Recently, I've noticed a lot of new questions with "Feasibility" written in the title.
Generally, the community consensus is that "feasibility" questions about sci-fi ideas are on-topic because they produce relevant information that can help people build fictional worlds. Some recent feasibility questions that seem to fit the accepted style include:
- Feasibility of a creature that leaves behind crystal like formations
- Feasibility of Making a Quantum Destabilizer
However, I've noticed a string of feasibility questions structured differently:
- Feasibility of a species based on Nyarlethotep
- Feasibility of a species based on Yog Sothoth
- Feasibility of nurgle
- Feasibility of tzeentch
The latter questions follow this format: "here is an existing creature from a work of fiction, and here are its attributes; how can it be explained?" I'm reminded of the Anatomically Correct Series, which exists to help users
create fictional creatures in a realistic evolutionary way.
The problem is, these questions seem less geared toward creating fictional creatures
and more toward explaining existing ones.
Are the aforementioned questions on-topic? Are "explain-existing-creature" questions fundamentally different from the Anatomically Correct Series because they are narrow and off-topic, or are they equally helpful because they provide scientific explanations that others may find useful?

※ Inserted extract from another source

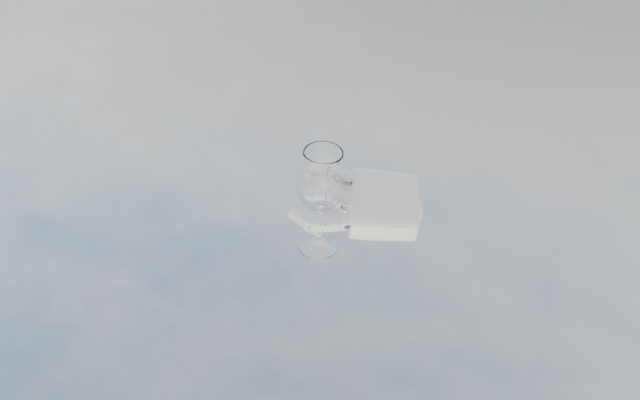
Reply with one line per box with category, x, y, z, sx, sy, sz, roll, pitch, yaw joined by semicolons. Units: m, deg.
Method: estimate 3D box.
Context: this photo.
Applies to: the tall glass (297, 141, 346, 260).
tall glass;0.000;0.003;0.782;0.079;0.201;0.079;2;41;-1

EDIT: Here's some clarification of my perspective based on VLAZ's post: I think part of what irks me most is the apparent ease of inserting an existing creature into a post for the sake of generating questions. A lot of questions on this site don't seem to be used to make actual fictional worlds, but when it's possible to functionally copy-and-paste existing works of fiction to generate posts, it seems especially unproductive.